Nunavut's MP and former federal cabinet minister Hunter Tootoo made a statement Wednesday, finally addressing allegations he had an inappropriate relationship before his sudden resignation from cabinet and Liberal caucus this May. 

"I made a mistake and regrettably engaged in a consensual but inappropriate relationship, and that is why I resigned," he said in the CBC newsroom in Iqaluit this afternoon. 

"I am ashamed, and I apologize to all involved, especially the people of Nunavut. I am deeply sorry."

Hunter Tootoo

Hunter Tootoo gave his statement in CBC's Nunavut newsroom on Wednesday. (Sima Sahar Zerehi/CBC)

Tootoo called the station earlier this afternoon to announce he was coming in to make a statement. 

Tootoo resigned suddenly from cabinet in May, saying he was leaving the Liberal caucus for addictions treatment. 

"On May 31, I voluntarily informed the prime minister that I made a mistake," said Tootoo.

"That is why I resigned my cabinet post and my position in caucus.

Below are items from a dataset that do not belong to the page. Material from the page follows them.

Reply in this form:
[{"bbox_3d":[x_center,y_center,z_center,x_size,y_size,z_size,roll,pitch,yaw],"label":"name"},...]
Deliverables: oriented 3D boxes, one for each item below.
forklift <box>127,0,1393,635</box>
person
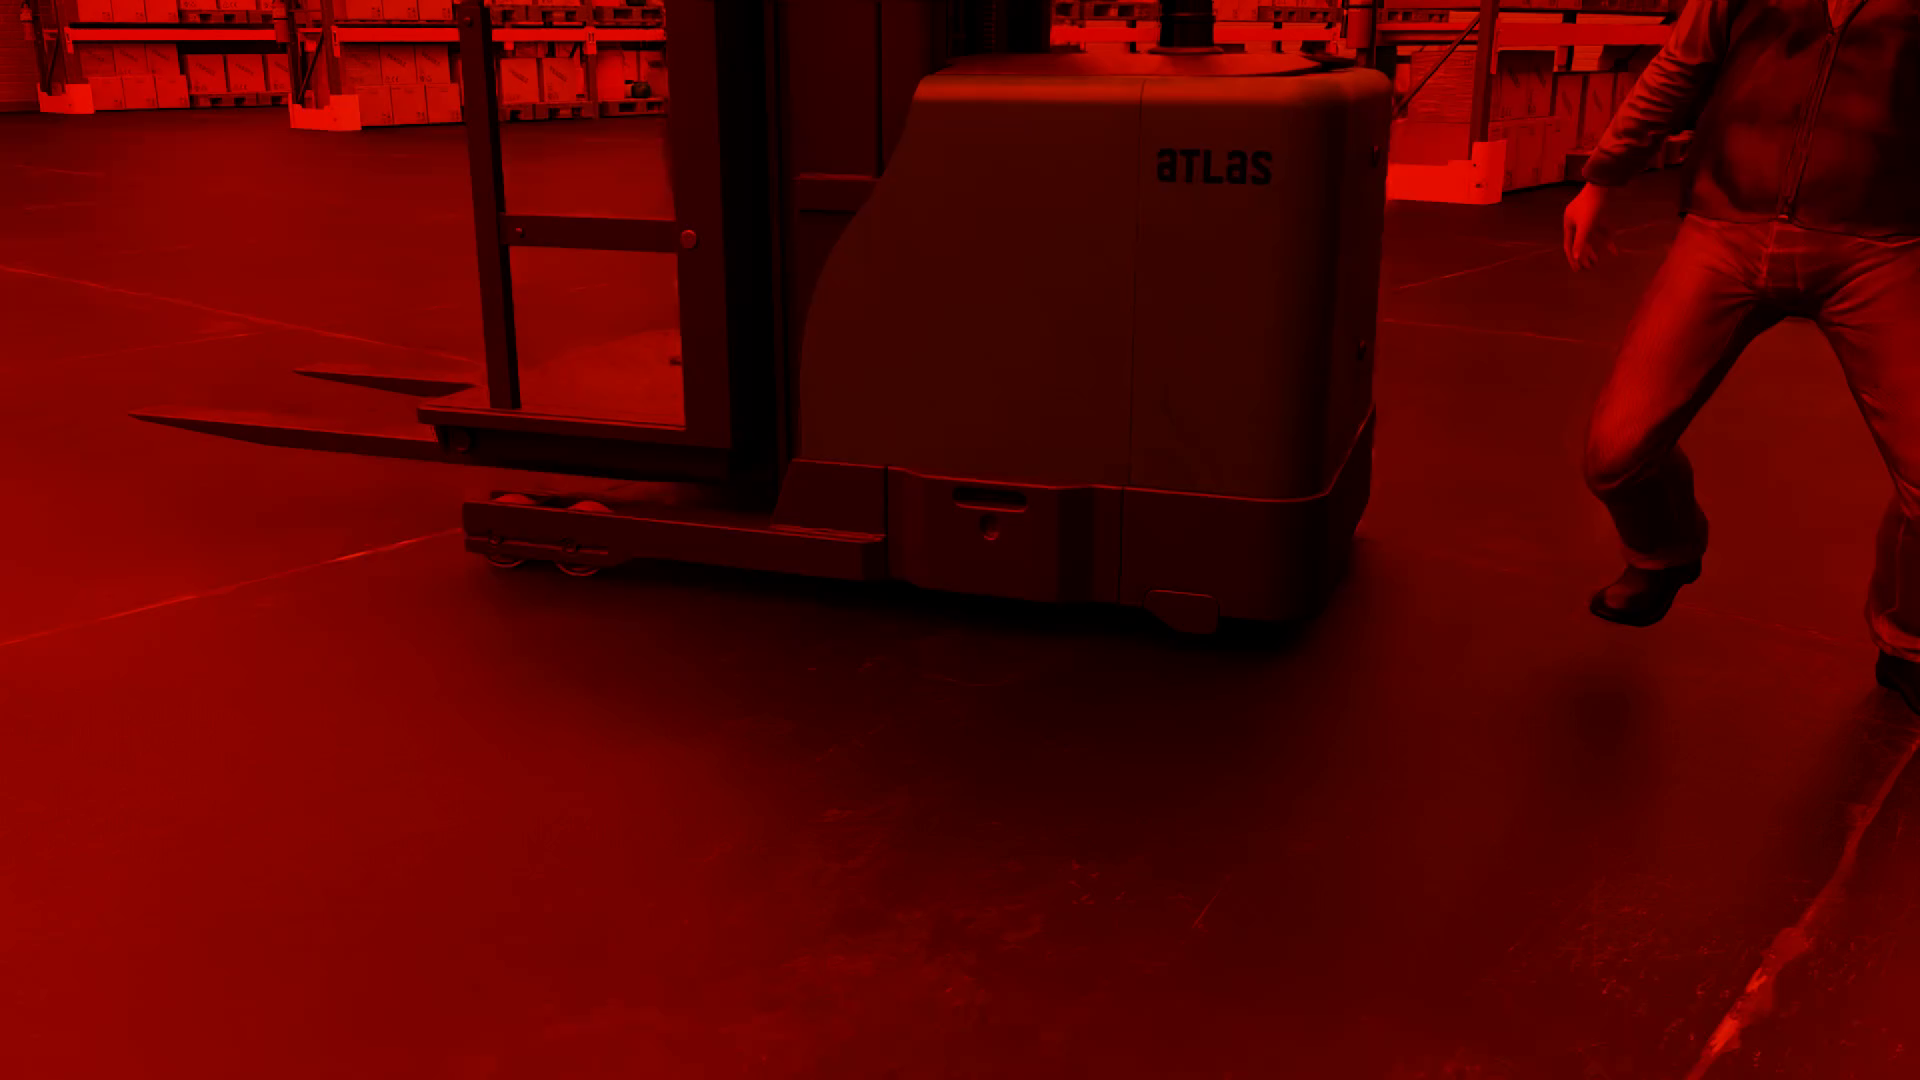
[{"bbox_3d":[-0.586,-1.458,3.698,3.031,2.935,1.130,6,18,18],"label":"forklift"},{"bbox_3d":[1.456,-0.525,2.872,0.885,1.629,0.486,14,22,38],"label":"person"}]

I then checked myself into rehab for my addiction."

Tootoo refused to offer more information on the individual involved. 

"The individual has asked me to protect her privacy and I am respecting those wishes, and I ask that you respect that wish," he said.

Much as he did in his statement last Wednesday, at the opening of his Iqaluit office, Tootoo spoke about his addiction.

"I let my judgment be clouded, and I have also let alcohol take over my life."

The Prime Minister's Office issued a statement shortly after Tootoo's announcement.

The statement confirmed that Tootoo communicated with the PMO on May 31.

"Hunter Tootoo acknowledged to the prime minister that he had been engaging in what was an inappropriate relationship in the workplace."

The statement noted that Tootoo would be "withdrawing from his ministerial responsibilities and from the Liberal caucus, and taking steps to address his addiction issues."

"In the same conversation, Mr. Tootoo informed the prime minister that he took full and sole responsibility for his inappropriate workplace conduct."

The Prime Minister's Office also refused to offer information about the individuals involved in order to protect their privacy.